When viruses infect cells, intrinsic defensive actions are initiated almost immediately. These defenses include the innate immune system, which provides cytokines to halt virus infection, and modulate the adaptive immune response should the infection proceed unchecked (Janeway and Medzhitov, 2002
). The innate immune system is activated when microbial products, such as lipopolysaccharide or viral nucleic acids, are detected. RNA viruses are recognized as foreign by cellular sensors that are activated by viral proteins or nucleic acids, leading to the production of the critical antiviral type I interferons.
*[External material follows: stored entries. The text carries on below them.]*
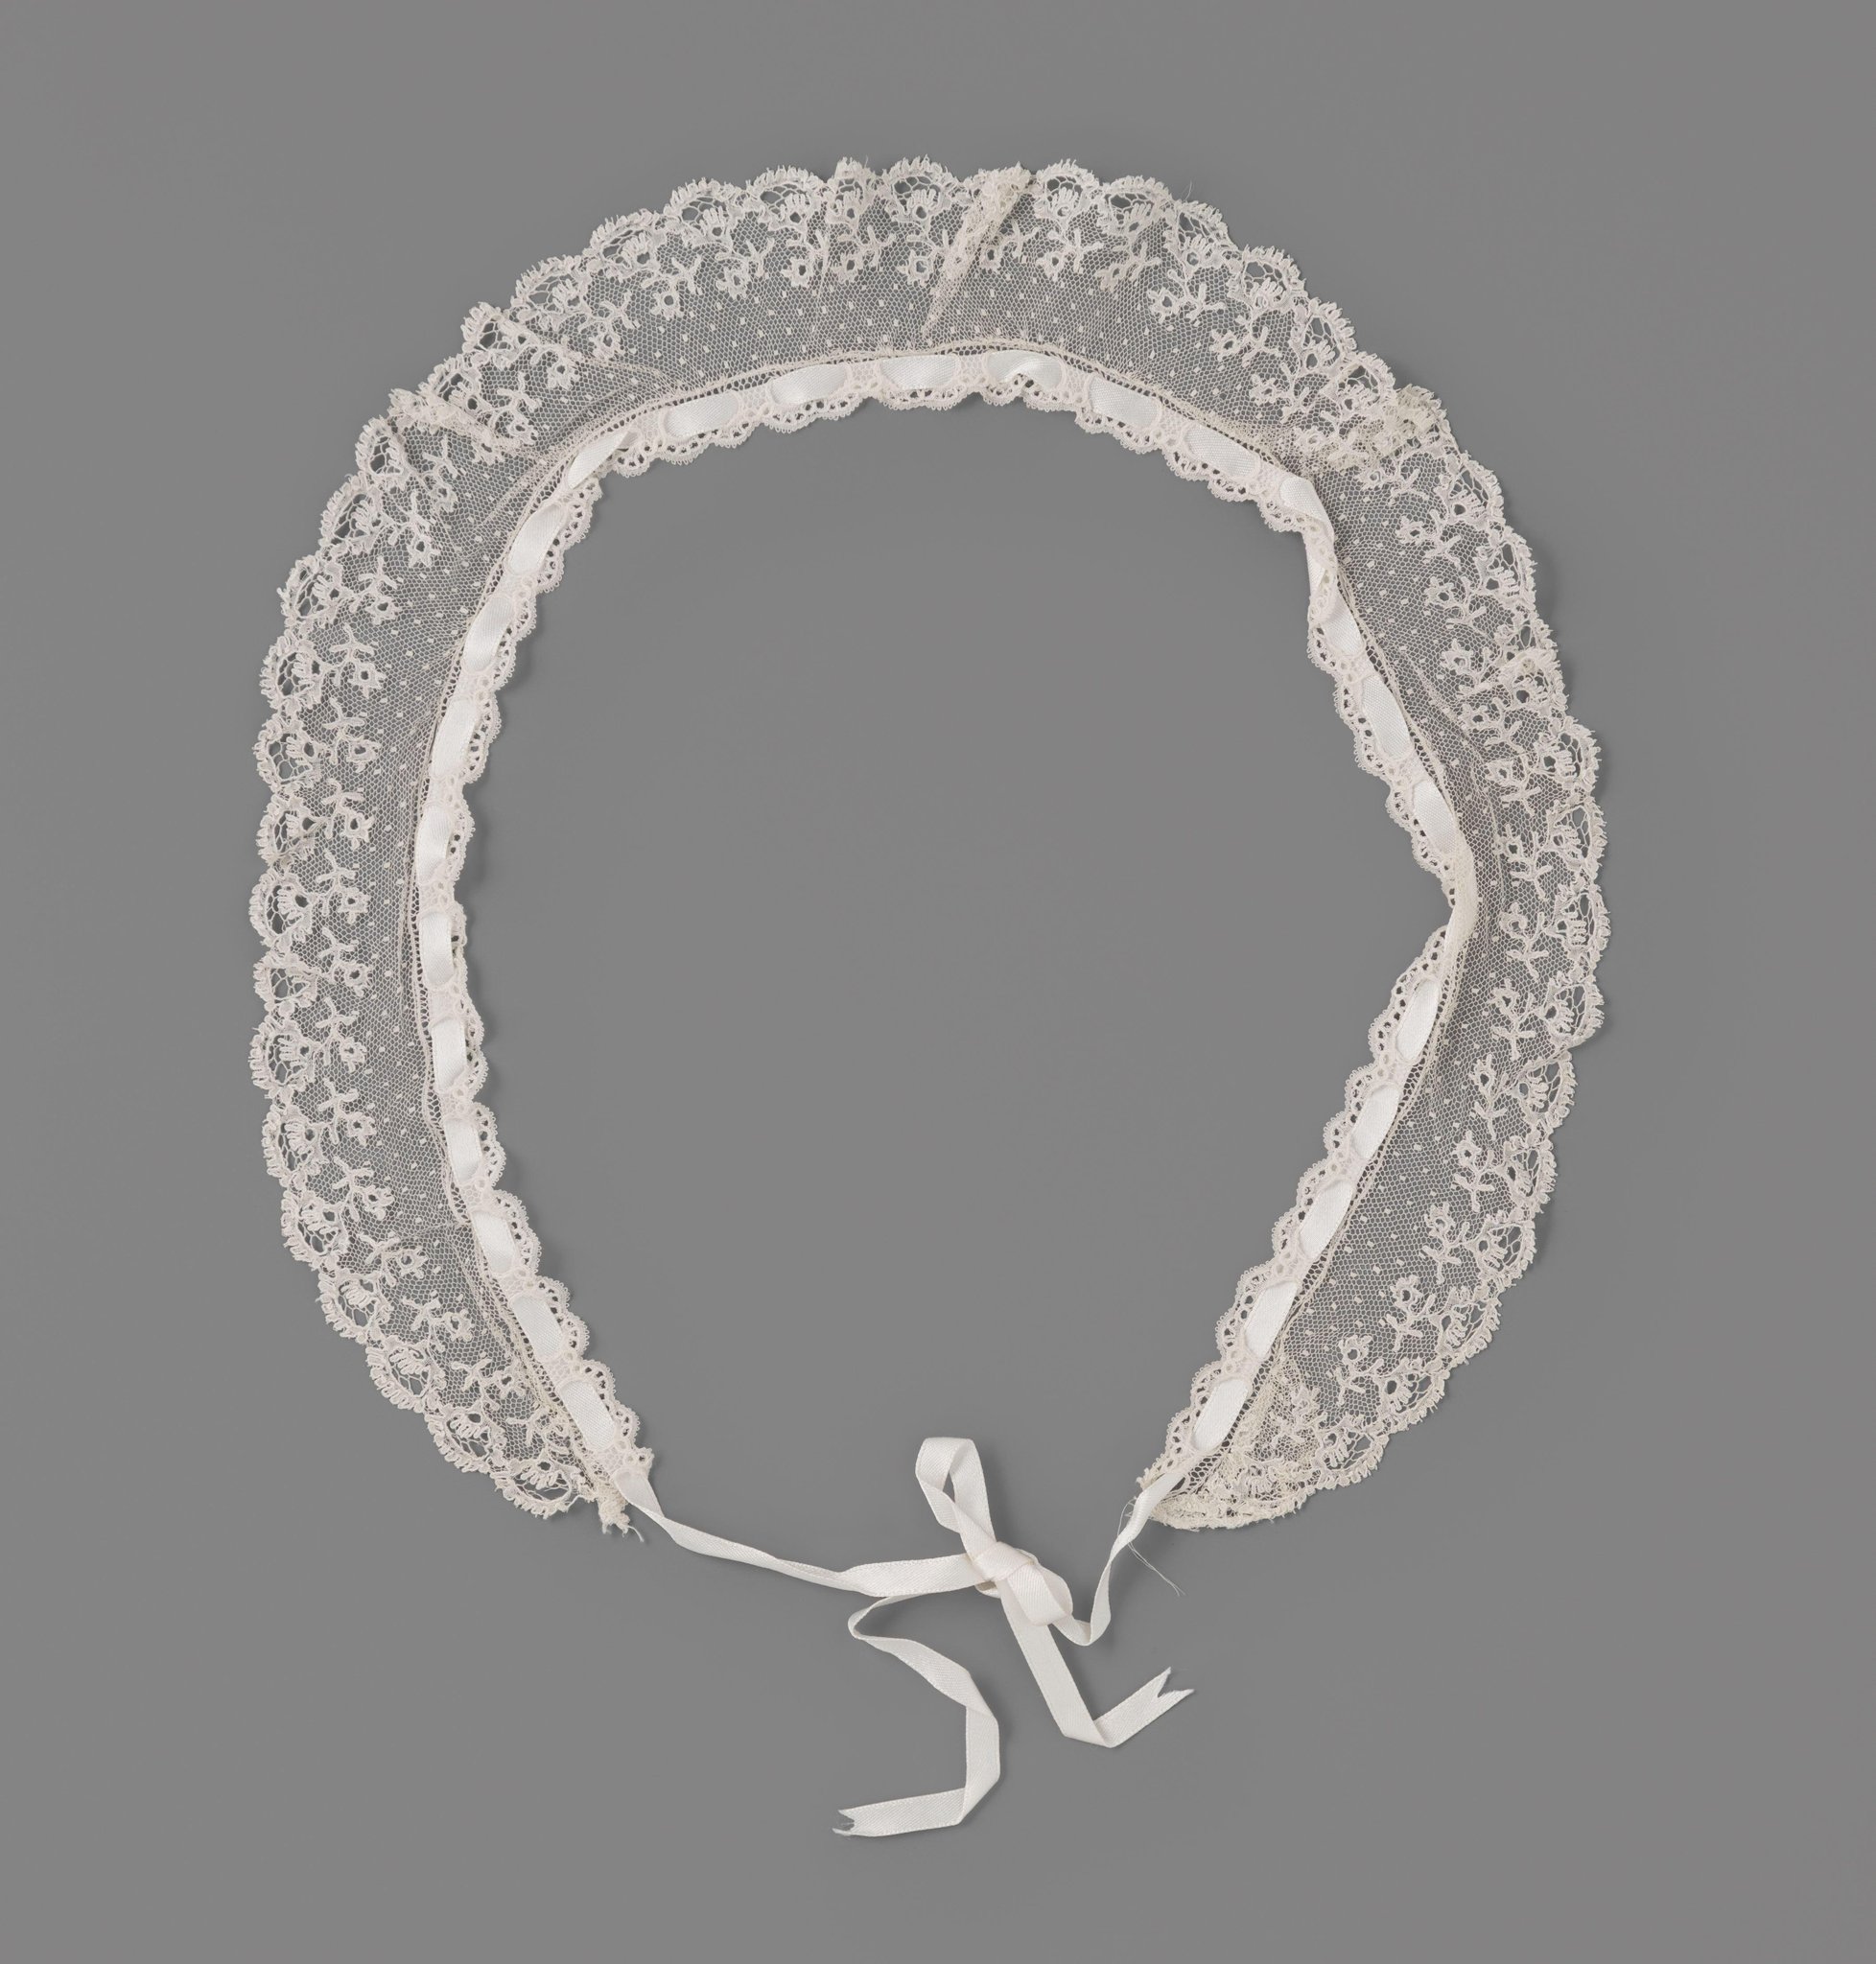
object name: collar
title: Kraag van Rijsselse kant, rond model met wit lint
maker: Anonymous
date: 1870-1875
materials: lace
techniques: lace
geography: western europe
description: Kraag van Rijsselse kant, rond model met wit lint. Smal berthe-model, met staande smalle strook kant en een brede hangende strook kant. In de staande strook zijn gaten aangebracht waardoorheen een wit lint is geregen. De hangende strook is bezaaid met moesjes en de gepicoteerde schulpen zijn versierd met kelkbloemen aan een tak.

Sensing of RNA virus infection by the innate immune system is carried out by membrane-bound Toll-like receptors, or by cytoplasmic sensors such as PKR, RIG-I, and MDA-5 (reviewed in (Kato et al., 2005
; Yoneyama and Fujita, 2007
; Yoneyama et al., 2004
)). RIG-I and MDA-5 proteins comprise an amino-terminal caspase recruitment domain (CARD) and an RNA helicase domain (Kang et al., 2002
). Results of a recent study on the evolution of RIG-I and MDA-5 indicate that the unique protein domain arrangement evolved independently by domain grafting and not by a simple gene duplication event of the entire four-domain arrangement, which may have been initiated by differential sensitivity of these proteins to viral infection (Sarkar et al., 2008
). Additionally, MDA-5, but not RIG-I, orthologs are found in fish indicating that MDA-5 might have evolved before RIG-I (Sarkar et al., 2008
). After binding viral RNA, these sensors interact with a CARD-containing adaptor protein, IPS-1, located in the outer membrane of mitochondria (Kawai et al., 2005
; Meylan et al., 2005
; Seth et al., 2005
; Xu et al., 2005
). This interaction mediates recruitment and activation of protein kinases that phosphorylate the transcription protein IFN-regulatory factor 3, leading to synthesis of type I IFN.
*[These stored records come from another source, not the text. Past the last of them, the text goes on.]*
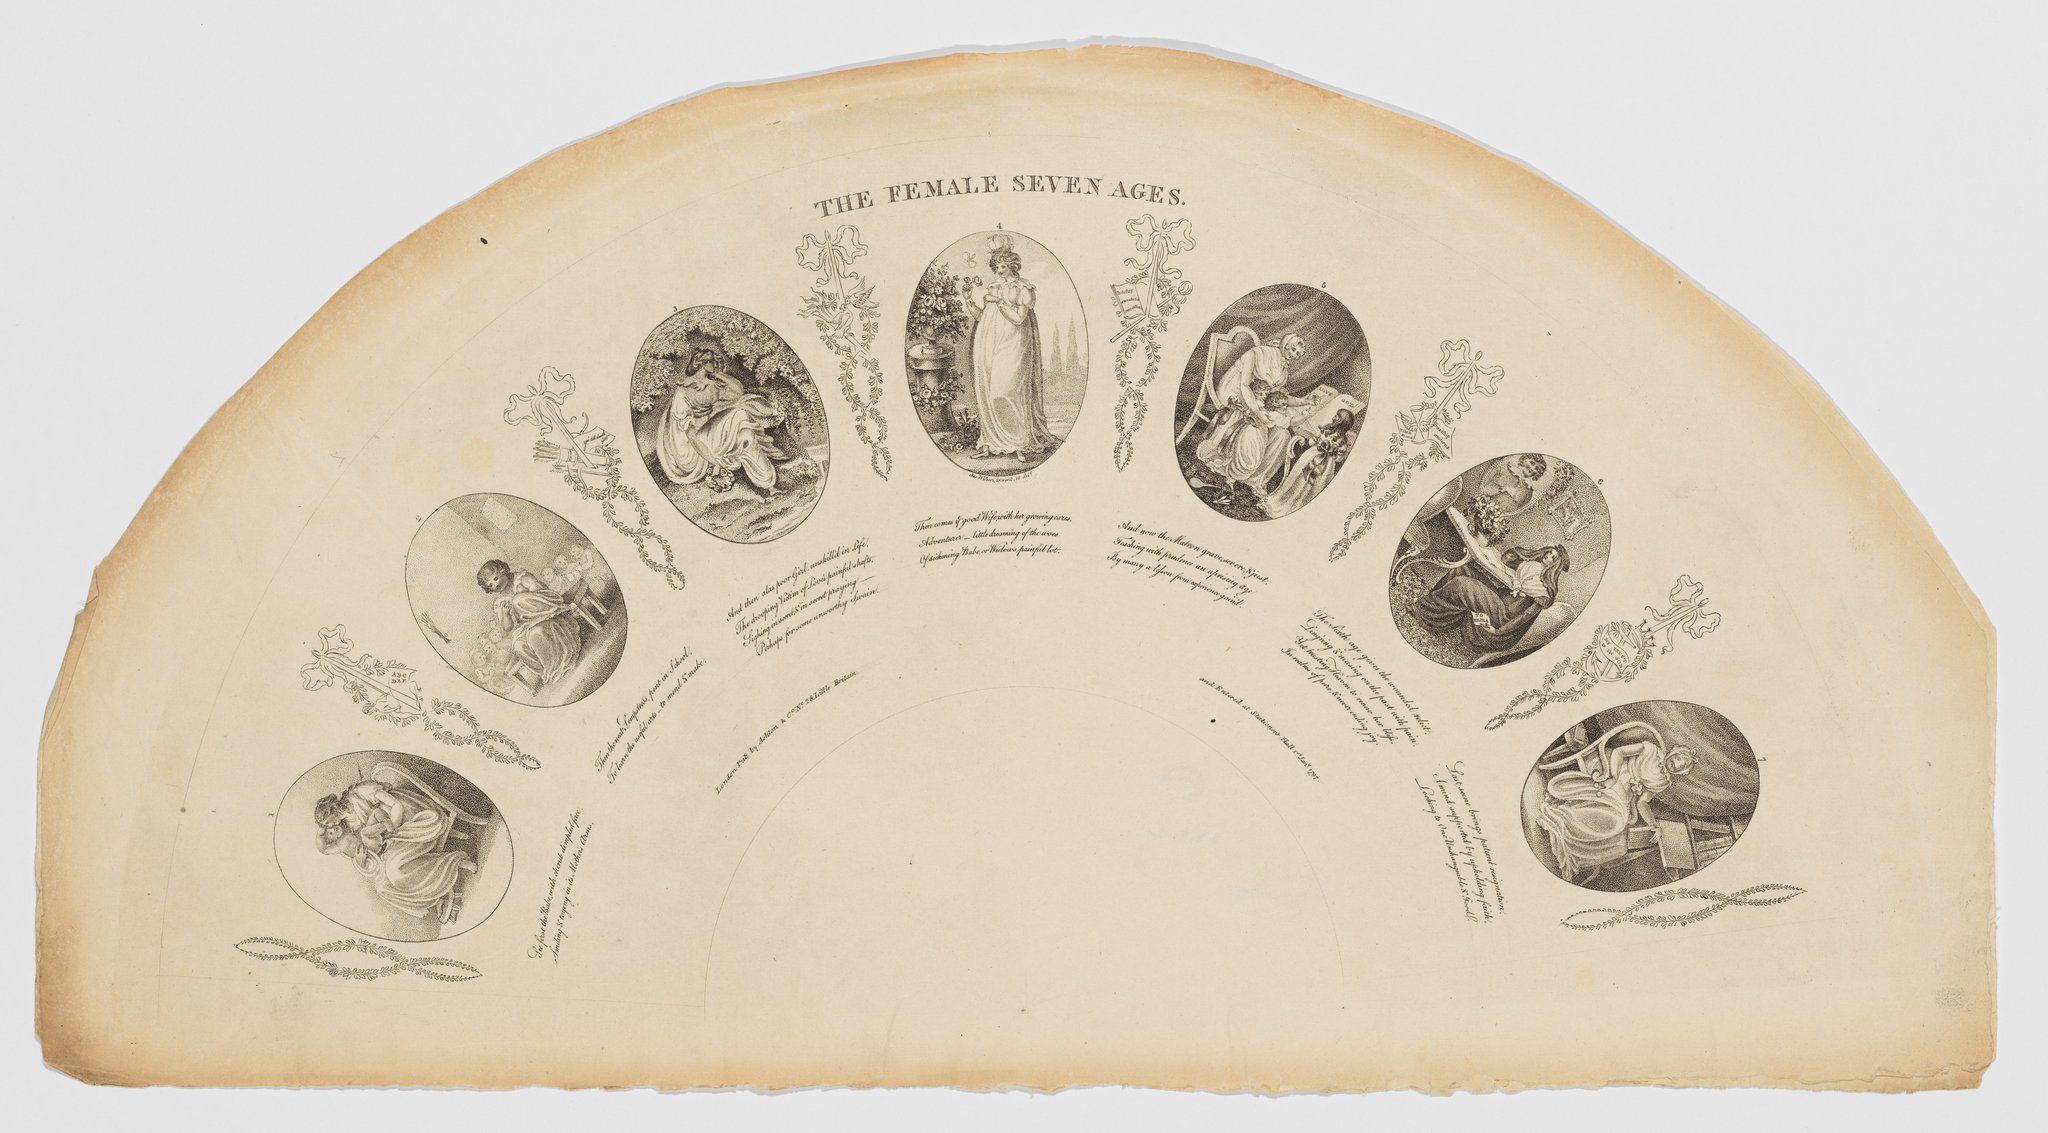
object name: print
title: The Female Seven Ages
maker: george wilson
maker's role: artist
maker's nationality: british
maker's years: 1795-1801
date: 1797
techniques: engraving

An important question is how RIG-I and MDA-5 distinguish viral from cellular RNAs. It was originally believed that these proteins recognize dsRNA, which is rarely found in the cytoplasm of cells but is abundant in virus-infected cells (Yoneyama et al., 2004
). More recently it has become clear that RIG-I recognizes RNA with a 5′-triphosphate (Hornung et al., 2006
; Pichlmair et al., 2006
). Because most cellular cytoplasmic RNAs bear a 5′-cap structure, this observation seems to explain the ability of RIG-I to discriminate between host and viral RNA. This substrate specificity is supported by observations that suggest that RIG-I and MDA-5 specialize in recognition of different viruses. Infection of mice lacking the gene encoding either protein reveals that RIG-I is essential for detecting infection by rhabdoviruses, influenza viruses, paramyxoviruses, and flaviviruses (Kato et al., 2006
). Replication of these viruses leads to production of RNAs with a 5′-triphosphate. In contrast, MDA-5 senses infection with picornaviruses, whose RNA 5′-ends are linked to a viral protein, VPg, not a 5′-triphosphate (Gitlin et al., 2006
; Kato et al., 2006
). It has been suggested that dsRNAs produced during picornavirus replication are the substrates for MDA-5 recognition.
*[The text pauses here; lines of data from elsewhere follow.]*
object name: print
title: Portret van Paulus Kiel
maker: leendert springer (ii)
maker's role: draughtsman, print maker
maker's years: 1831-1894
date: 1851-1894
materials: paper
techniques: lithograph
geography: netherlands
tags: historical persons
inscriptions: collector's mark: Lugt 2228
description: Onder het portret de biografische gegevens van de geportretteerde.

Despite these elegant innate mechanisms, virus infections still occur because their genomes encode proteins that antagonize this and every other step of host defense. Examples include inhibition of RIG-I function by binding of the influenza virus NS1 protein (Guo et al., 2007
; Mibayashi et al., 2007
; Opitz et al., 2007
), and cleavage of IPS-1 by proteases encoded in the genomes of picornaviruses and hepatitis C virus (Li et al., 2005
; Lin et al., 2006
) (J. Drahos and V. Racaniello, unpublished data). We previously showed that MDA-5 is degraded in cells infected with different picornaviruses, and suggested that such cleavage might be a mechanism to antagonize production of type I IFN in response to viral infection (Barral et al., 2007
). Here we examine the state of RIG-I during picornavirus infection. We found that RIG-I is degraded in cells infected with poliovirus, rhinoviruses, echovirus, and encephalomyocarditis virus. In contrast to MDA-5, cleavage of RIG-I is not accomplished by cellular caspases or the proteasome (Barral et al., 2007
). Rather, the viral proteinase 3Cpro
cleaves RIG-I, both in vitro and in cells. Cleavage of RIG-I during picornavirus infection may constitute another mechanism for attenuating the innate response to viral infection.